Onion Rye Dinner Rolls


Rye bread is one of my favorite breads, and I’ve been wanting to try making it at home for for a while. Since I had plenty of time to bake during and after hurricaine Sandy, and we were lucky to have power throughout — I thought I would make some rye bread. Then I noticed this recipe for Rye Dinner Rolls on the package of Hodgson Mills Rye Flour.

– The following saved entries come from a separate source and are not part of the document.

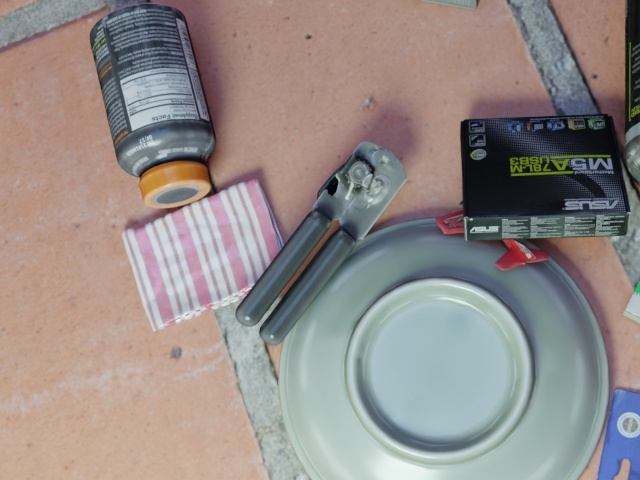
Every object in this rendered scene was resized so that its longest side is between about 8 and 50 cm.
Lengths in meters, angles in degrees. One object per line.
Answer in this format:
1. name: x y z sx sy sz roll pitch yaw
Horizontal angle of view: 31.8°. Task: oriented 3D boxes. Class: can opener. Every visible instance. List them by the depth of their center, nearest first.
1. can opener: 0.000 0.000 1.388 0.076 0.095 0.283 38 83 -8

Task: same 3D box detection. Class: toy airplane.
1. toy airplane: 0.220 -0.013 1.349 0.151 0.028 0.151 1 37 -1

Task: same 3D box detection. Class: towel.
1. towel: -0.147 0.016 1.433 0.197 0.029 0.144 -22 74 2

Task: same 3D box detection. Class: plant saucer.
1. plant saucer: 0.141 0.155 1.323 0.401 0.100 0.400 -2 76 7

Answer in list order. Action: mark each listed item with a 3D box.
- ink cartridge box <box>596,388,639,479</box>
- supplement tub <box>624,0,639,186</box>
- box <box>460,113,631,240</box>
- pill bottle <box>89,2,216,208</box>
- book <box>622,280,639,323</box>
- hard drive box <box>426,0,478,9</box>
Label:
1. ink cartridge box: 0.428 0.295 1.276 0.224 0.045 0.223 11 78 11
2. supplement tub: 0.460 -0.185 1.307 0.207 0.207 0.337 2 77 8
3. box: 0.264 -0.078 1.349 0.191 0.045 0.184 -1 42 8
4. pill bottle: -0.209 -0.167 1.435 0.131 0.130 0.245 -16 75 4
5. book: 0.448 0.079 1.337 0.144 0.035 0.096 27 77 15
6. hard drive box: 0.112 -0.420 1.474 0.232 0.089 0.181 13 78 10

I made them instead, and glad I did, they were delicious!

Onion Rye Dinner Rolls

INGREDIENTS

1 cup milk

2 tbsp honey

3 tbsp butter

2 pkg of active dry yeast

½ cup lukewarm water (110 F)

3 Whole wheat flour

2 tbsp caraway seeds

6 tbsp minced onion

¼ cup flax seed meal

1 ¼ cups rye flour

1 egg

2 tsp water

INSTRUCTIONS

  1. Scald milk and combine in mixing bowl with honey, salt and butter.
  2. Stir well; cool to lukewarm.
  3. Dissolve yeast in lukewarm water and combine with milk mixture.
  4. Add whole wheat flour and beat well for one minute or until batter is very smooth.
  5. Add caraway seeds, onion, flax seed meal and enough rye flour so dough is firm enough to knead.
  6. Turn dough onto a floured surface and knead for 8 minutes.
  7. Place in a bowl coated with olive oil turning once to coat evenly.
  8. Cover and let rise in warm place until doubled about one hour.
  9. Punch down dough and roll by hand into a long rope about 1 ½ inches thick. Cut into 1 ½ inch pieces and shape into buns.
  10. Place 2 inches apart on an oiled baking sheet, cover with towel and let rise until doubled
  11. Preheat oven to 400 beat the egg with water and brush the tops of the buns. Bake for 12 to 15 minutes or until nicely browned.